Despite deadlock in Wednesday’s talks between Greece and the rest of the eurozone, leading shares are edging higher again.
Investors are hoping that even though there was not even an agreement on issuing a statement, let alone any sign of deal, that the two sides will be able to reach a compromise before Greece’s money runs out.
Talk of a cease fire between Russia and Ukraine after prolonged peace talks is also helping sentiment.
And even though mining shares have been volatile as metal prices suffered on demand concerns, Rio Tinto has given a lift to the sector.

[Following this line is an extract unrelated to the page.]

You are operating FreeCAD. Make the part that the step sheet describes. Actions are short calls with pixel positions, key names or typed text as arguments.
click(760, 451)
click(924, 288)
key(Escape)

Its shares have jumped 90.5p to £30.62 - making it the biggest riser in the FTSE 100 - after it decided to hand back $2bn to shareholders on top of a bigger than expected dividend. The move came despite its worst half year profit in two years, with earnings down 30% at $4.19bn. But this was higher than analyst expectations of around $3.76bn, and it cut debt to $12.5bn, again better than forecast.

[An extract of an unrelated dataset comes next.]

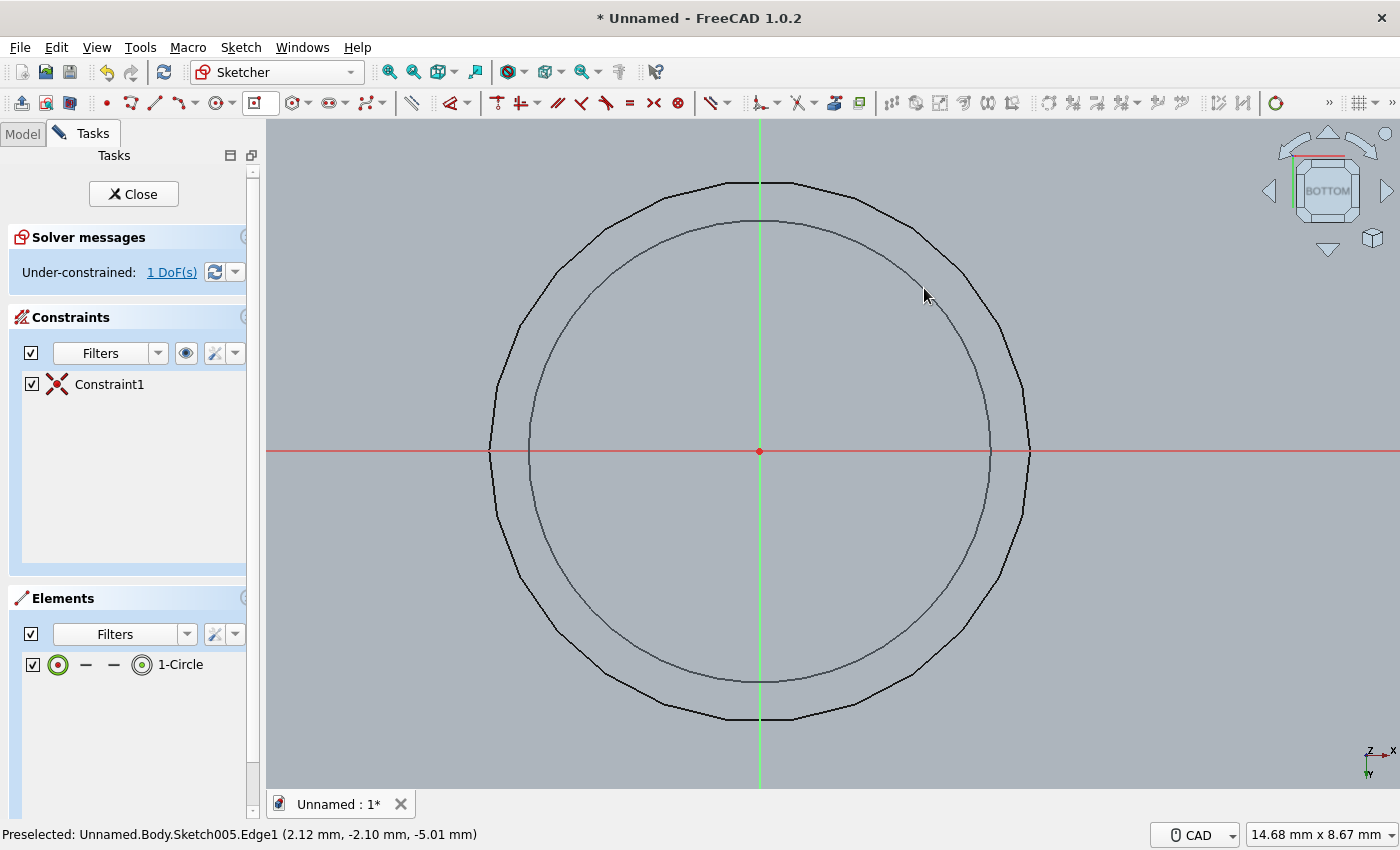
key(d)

The company, which could yet face a renewed takeover attempt from Glencore, also said 125m tonnes of iron ore capacity came out of the market in 2014 and it expects another 80m tonnes in the current year. Numis said:
The low-cost/volume-push strategy appears to be working for Rio, marginal producers will continue to be pushed out of the arena, whilst Rio maintains decent margins, albeit not bull market margins. Rio see margins for low-cost producers returning to just above the average level seen before the China driven commodity boom. The buy-back is at the higher end of market expectations.

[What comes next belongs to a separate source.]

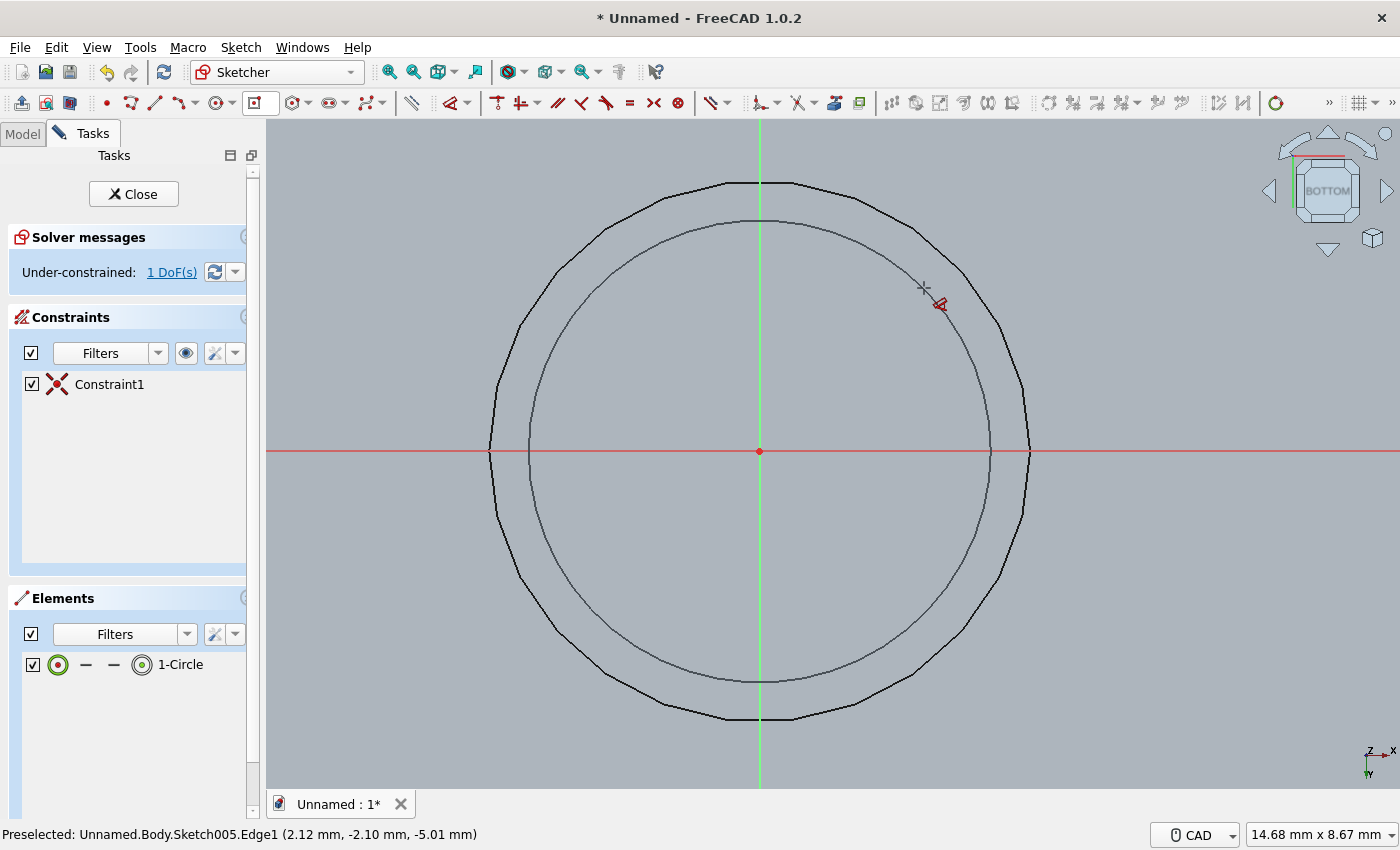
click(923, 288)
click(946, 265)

Overall the FTSE 100 is up 23.30 points at 6841.47, although energy groups are proving a drag on the market.
Royal Dutch Shell B shares are down 26p at 2218.5p after they went ex-dividend, while BP is 3.35p lower at 442.45p for the same reason.
But Burberry is 38p better at £18.59 after RBC began coverage with an outperform rating. It said:
Digital leadership, beauty expansion, and high US exposure should sustain Burberry’s top-line outperformance in 2015 and beyond. We believe Burberry deserves a higher PE valuation premium to luxury peers thanks to its stronger top- and bottom-line growth potential, superior return on invested capital and attractive cash return outlook.
Perhaps the shares have also received a boost from the sight of Greek finance minister Yanis Varoufakis wearing one of the company’s scarves.